# RECORDS TO PROCESS
****************

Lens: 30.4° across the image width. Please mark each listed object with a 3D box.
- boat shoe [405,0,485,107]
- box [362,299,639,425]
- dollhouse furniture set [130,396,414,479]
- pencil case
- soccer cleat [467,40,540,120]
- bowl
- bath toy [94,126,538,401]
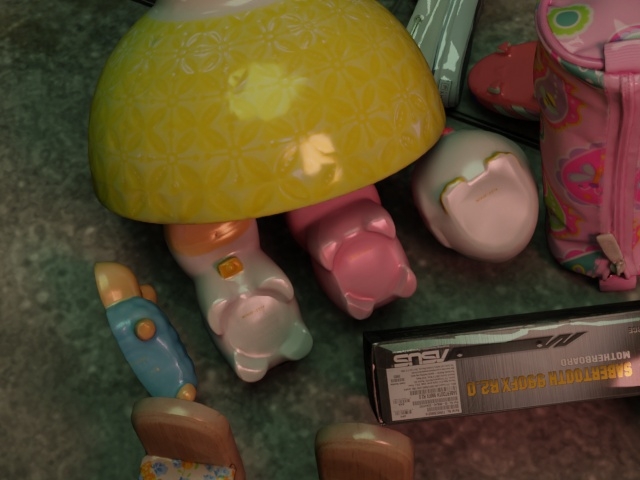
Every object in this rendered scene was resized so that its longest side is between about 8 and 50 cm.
[{"bbox_3d":[0.112,-0.228,1.073,0.075,0.083,0.226,12,63,9],"label":"boat shoe"},{"bbox_3d":[0.147,0.082,0.836,0.230,0.183,0.056,-7,87,-1],"label":"box"},{"bbox_3d":[-0.145,0.264,0.709,0.394,0.256,0.362,7,61,8],"label":"dollhouse furniture set"},{"bbox_3d":[0.220,-0.078,0.869,0.124,0.284,0.124,-5,56,8],"label":"pencil case"},{"bbox_3d":[0.251,-0.122,1.014,0.247,0.095,0.083,1,55,21],"label":"soccer cleat"},{"bbox_3d":[-0.057,-0.142,0.915,0.289,0.156,0.289,-10,24,5],"label":"bowl"},{"bbox_3d":[0.000,0.000,0.934,0.348,0.129,0.151,-23,105,-7],"label":"bath toy"}]

****************

# WHAT THE TASK ASKS
Copy the entire listing exactly but skip the pictures.

# RESPONSE
Lens: 30.4° across the image width. Please mark each listed object with a 3D box.
- boat shoe [405,0,485,107]
- box [362,299,639,425]
- dollhouse furniture set [130,396,414,479]
- pencil case
- soccer cleat [467,40,540,120]
- bowl
- bath toy [94,126,538,401]
Every object in this rendered scene was resized so that its longest side is between about 8 and 50 cm.
[{"bbox_3d":[0.112,-0.228,1.073,0.075,0.083,0.226,12,63,9],"label":"boat shoe"},{"bbox_3d":[0.147,0.082,0.836,0.230,0.183,0.056,-7,87,-1],"label":"box"},{"bbox_3d":[-0.145,0.264,0.709,0.394,0.256,0.362,7,61,8],"label":"dollhouse furniture set"},{"bbox_3d":[0.220,-0.078,0.869,0.124,0.284,0.124,-5,56,8],"label":"pencil case"},{"bbox_3d":[0.251,-0.122,1.014,0.247,0.095,0.083,1,55,21],"label":"soccer cleat"},{"bbox_3d":[-0.057,-0.142,0.915,0.289,0.156,0.289,-10,24,5],"label":"bowl"},{"bbox_3d":[0.000,0.000,0.934,0.348,0.129,0.151,-23,105,-7],"label":"bath toy"}]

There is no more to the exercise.